大人数アイドルとネオリベ/自分なりの言葉で語る

 ――第三部一章のアイドル論では、「アイドル流行的2010年代回顧論」として、大人数アイドルの流行と新自由主義(ネオリベ)の関係について論じられています。

 三宅 ちょうど私が中高生の頃にAKB48が誕生し、大流行しました。大人数アイドルにハマったのは大学生になってからですが、応援していてふと、気づいたことがありました。それは、「自分の世代に求められている姿の究極形は、彼女たちだ」ということです。

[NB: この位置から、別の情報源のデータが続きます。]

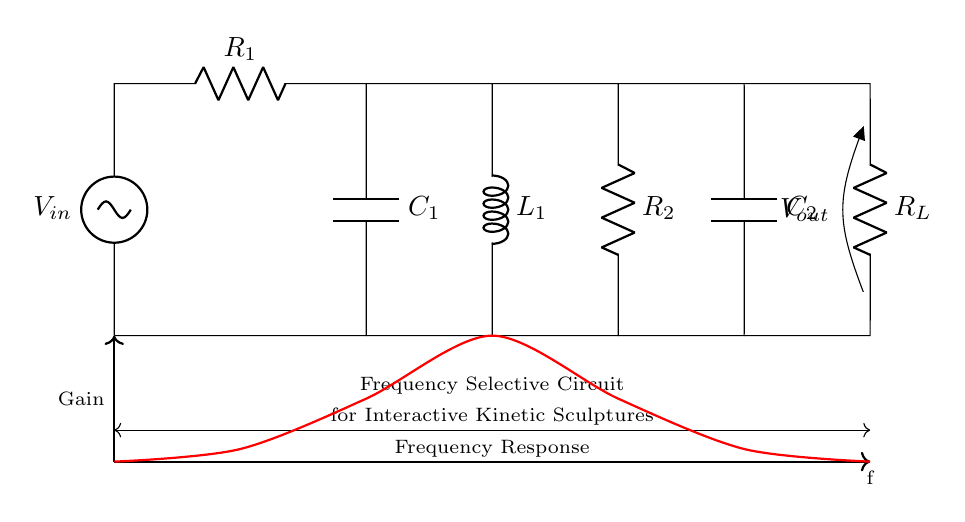What is the input voltage of the circuit? The input voltage is labeled as V in the circuit diagram, representing the potential difference applied at the circuit's entry point.
Answer: V in What type of components are used in this circuit? This circuit consists of resistors, capacitors, an inductor, and a voltage source, as can be identified by their standard symbols in the diagram.
Answer: Resistor, Capacitor, Inductor What is the role of C1 in the circuit? C1 acts as a capacitor which helps in filtering specific frequency components of the input signal, affecting the transient response and the frequency response of the circuit.
Answer: Frequency filtering What is the total number of resistors in this circuit? There are three resistors identified in the circuit diagram: R1, R2, and R_L, contributing to different stages of the filtering process.
Answer: 3 What can be inferred about the function of L1 in the circuit? L1, as an inductor, functions to store energy in the magnetic field and is crucial in influencing the circuit's frequency response by allowing only certain frequencies to pass through.
Answer: Energy storage What is the output voltage location labeled as? The output voltage is labeled as V out in the diagram, indicating where the filtered signal is taken from the circuit after processing the input signal.
Answer: V out At what point does the circuit exhibit minimum gain? The circuit exhibits minimum gain, as indicated by the plot in the diagram, specifically around points where the frequency response curve dips, suggesting lower signal amplification at those frequencies.
Answer: Around six 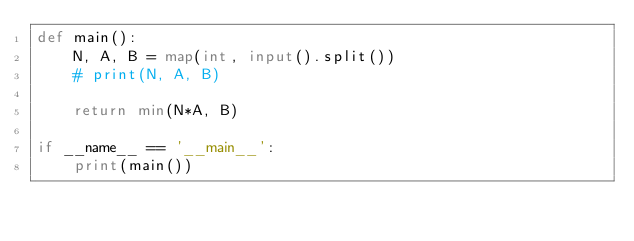<code> <loc_0><loc_0><loc_500><loc_500><_Python_>def main():
    N, A, B = map(int, input().split())
    # print(N, A, B)

    return min(N*A, B)

if __name__ == '__main__':
    print(main())</code> 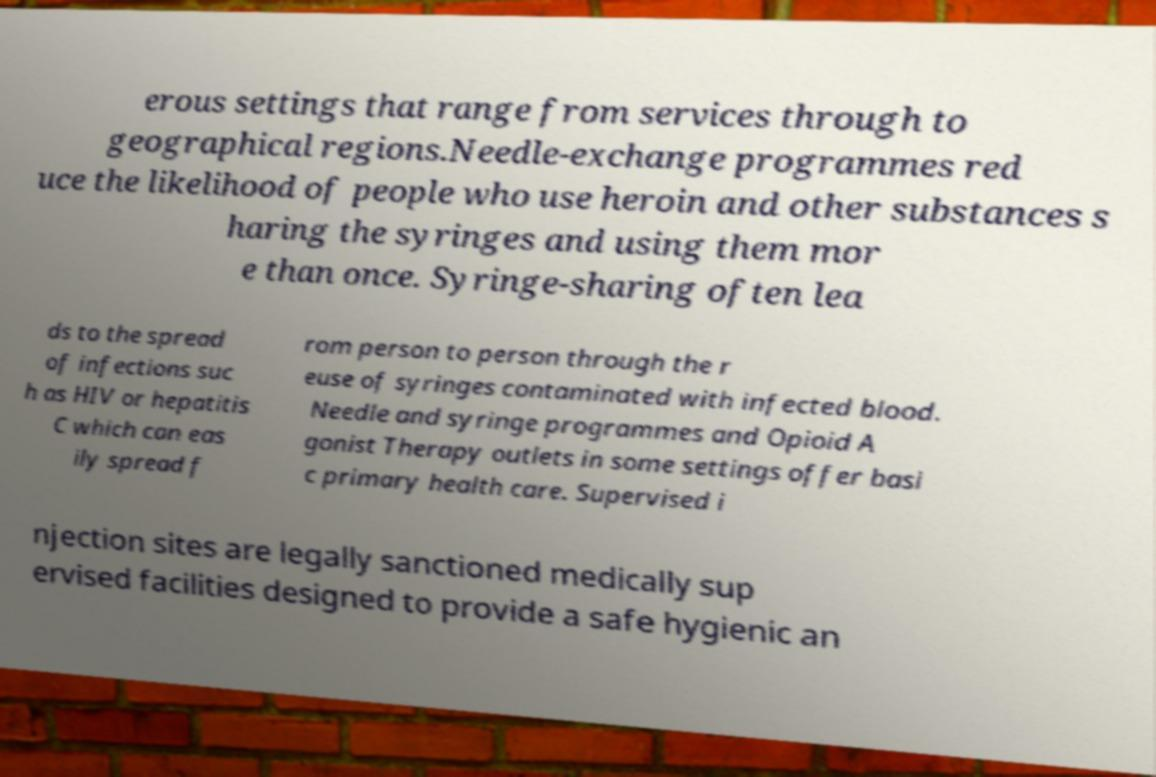Can you read and provide the text displayed in the image?This photo seems to have some interesting text. Can you extract and type it out for me? erous settings that range from services through to geographical regions.Needle-exchange programmes red uce the likelihood of people who use heroin and other substances s haring the syringes and using them mor e than once. Syringe-sharing often lea ds to the spread of infections suc h as HIV or hepatitis C which can eas ily spread f rom person to person through the r euse of syringes contaminated with infected blood. Needle and syringe programmes and Opioid A gonist Therapy outlets in some settings offer basi c primary health care. Supervised i njection sites are legally sanctioned medically sup ervised facilities designed to provide a safe hygienic an 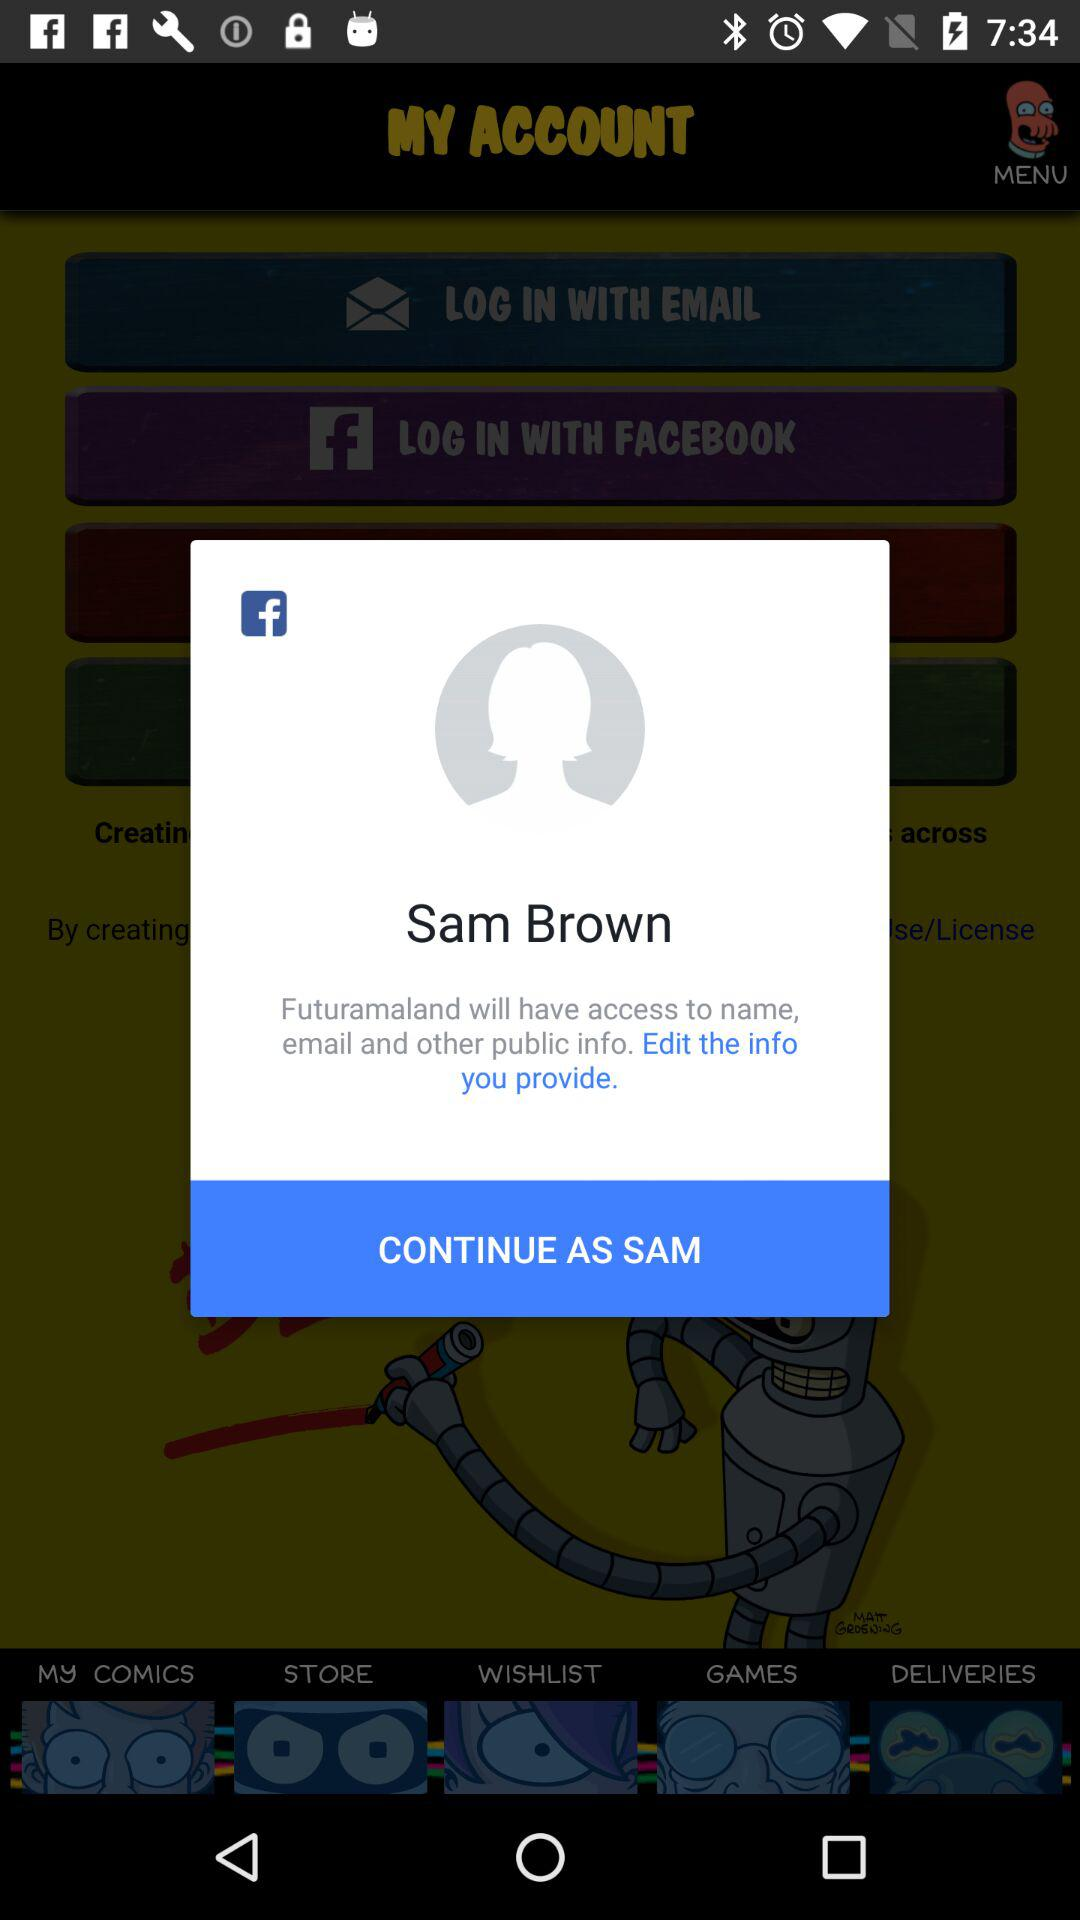What is the user name? The user name is Sam Brown.

 当時はアラサー世代に、東村アキコさん『東京タラレバ娘』が流行っていて、少し下の世代では、YouTuberが人気を博していた。では、私の世代は、世間にとって何のゾーンなのだろう?そう考えたとき、AKB48がドンピシャでした。朝井リョウさん『何者』に描かれているように、就活でも自己実現の物語がしきりに説かれるようになった時代でした。AKB48の総選挙が象徴する「選ばれたい」という欲望は、私と同世代を語るうえで外せない要素です。

 AKB48は、自分で自分を売り出すアイドルです。個々が頑張って、自由に競争しては、市場(=順位)に傷つけられる。そんな彼女たちに、社会で削られていく未来の自分の姿を、私と同世代の人は少なからず、予感していたのでしょう。そんな冷たい市場から逃げ出すように、安心できる居場所を求める「物語」として乃木坂46が、やがて「集団」と「個」のバランスを保てない主人公を描く欅坂46が流行る。そして今、殺伐とした時代でせめてアイドルだけは優しく明るくいてほしいと、日向坂46が人気です。

 本の中では、もっと詳しくネオリベとの関係性を述べましたが、批評は文芸作品に限ったものではなくていい。私がこの章でアイドルから見た二〇一〇年代以降を論じたように、時代の文脈をいろんなものから取り出すのが、仕事だと思います。

 ――第三部四章は、「シスターフッドの変遷」についてです。

 三宅 シスターフッドものは、少し前からホットコンテンツですよね。『赤毛のアン』や『カードキャプターさくら』しかり、女の子同士の友情を描いた作品は、絶対に面白い。気がかりなのは、「女性同士の連帯」が強調され過ぎると、男性が弾かれるばかりになっていかないかという点です。シスターフッドが対抗する敵は、男性ではなく「家父長制という制度」のはず……。女性だけの話はもちろん好きだし面白いけれど、本質的な部分でいえば、男女ペアでもいい。恋愛にならない男女バディが好きだという話題も、定期的に盛り上がっている。今後はそういう作品も増えるのではないかと、思っています。

 ――最後に、刊行を終えた今の想いをお願いします。

 三宅 批評を書いていると、「私の読み解きとは違う意見を持つ人もいるだろうな」と、いつも考えてしまいます。でも、この点で悩み始めると、何も言えなくなってしまう。だから今は、「私はこんなふうに考えているよ!」と言ってみることを、大事にしたいです。

 今回、私はヒロインについて語りたかったので、この本を書きました。けれど、読者に私の考えに同調してほしいとは思っていません。言葉への印象も、受け止め方も人それぞれです。本を読んで考えたことや思ったことを、自分なりの言葉にしてほしい。そして、まだまだ語られていないヒロインや、そのヒロインの魅力を、ぜひ批評してほしいと思います。『女の子の謎を解く』を読んで、好きなヒロインのことを話したくなる人が一人でも増えたら、著者としてはとても嬉しいです。(おわり)
≪週刊読書人2022年1月14日号掲載≫

★みやけ・かほ=会社員・作家・書評家。著書に『人生を狂わす名著50』『文芸オタクの私が教える バズる文章教室』『副作用あります!? 人生おたすけ処方本』『妄想とツッコミでよむ万葉集』など。一九九四年生。